I think TLG should consider either bagging these and/or all of the parts; mine ended up with a noticeable bend on the back in transit, as well as some edge damage. (Mine was mailed however so it probably was mostly caused by mishandling.)
It's opening time! I considered arranging the parts really nicely, but there is a surprising amount of small parts and I got lazy! Thus I sectioned it instead. Interestingly there are no random colours (such as blue) in the set.
Finished! It's a the Opera House on a cloudy day... haw, haw, haw.
Actually there's more parts in the box so I might as well use them. From the start it's clear the amount of thought that has gone into this set; that amount of jumpers just to make a half stud offset? No way! But it's yes-way in a premium set.
While it's smart part usage, I find it really weird that the door rail part is in dark tan... but more on that later. It is amazing how many parts have gone into these few layers though.
Even at this stage I think it's clear what it's going to be. The rear platform is complete now.
On the subject of colours, the turntables used to angle the structure don't come in tan, so there's nothing that can be done about that little spot of black.
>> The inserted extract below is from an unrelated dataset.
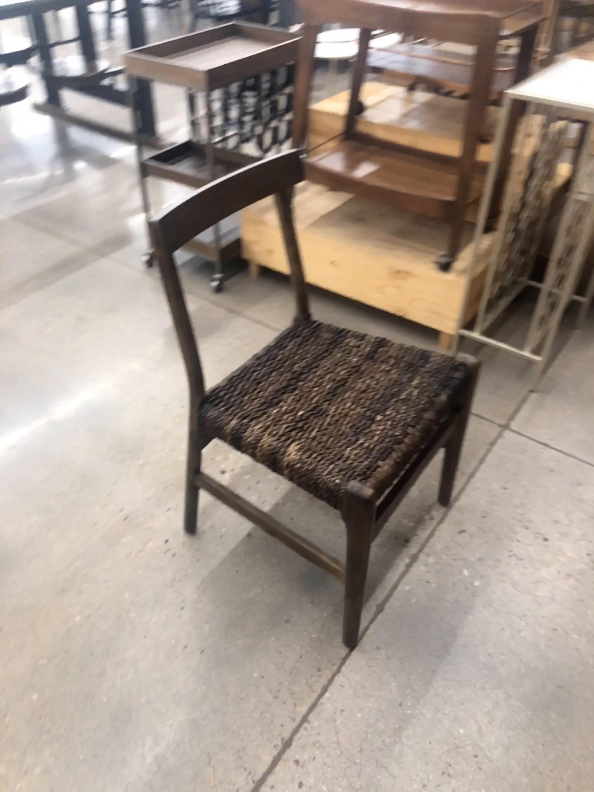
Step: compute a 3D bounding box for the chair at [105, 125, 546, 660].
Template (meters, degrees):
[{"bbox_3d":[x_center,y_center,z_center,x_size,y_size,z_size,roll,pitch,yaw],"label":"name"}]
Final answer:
[{"bbox_3d":[0.059,-0.019,1.364,0.533,0.816,0.550,25,45,25],"label":"chair"}]

They're multiplying! (The buildings that is.)
Adding the shells. The two angled structures are locked in by those 2x2 tiles, which are also needed for a more correct representation of the Opera House.
You can see here that the black turntables are mostly hidden... but not quite.
And now.... (photo shamelessly stolen from the LEGO® Architecture official sub-domain )
...we're really finished! Personally I feel the Opera House looks odd without water. It's generally photographed showing the setting and, like most great architecture, it was designed specially for the location. But maybe I'm just having delusions of grandeur seeing myself as someone who can appreciate fine architecture.
Here it is in comparison to two from the Landmark series. (N.B. Sets not to scale.) Anyway what I think would be cool would be if I could let our little model meet its Big Daddy....
...and as things turn out, I live in Parramatta, which is about 30 minutes from Sydney, so I can and will! Thus early on a Sunday I dragged myself out of bed, jumped on the bike, and took some photos. (This photo shows me after being in the sun for about 4 hours. I tried to smile, honest.... )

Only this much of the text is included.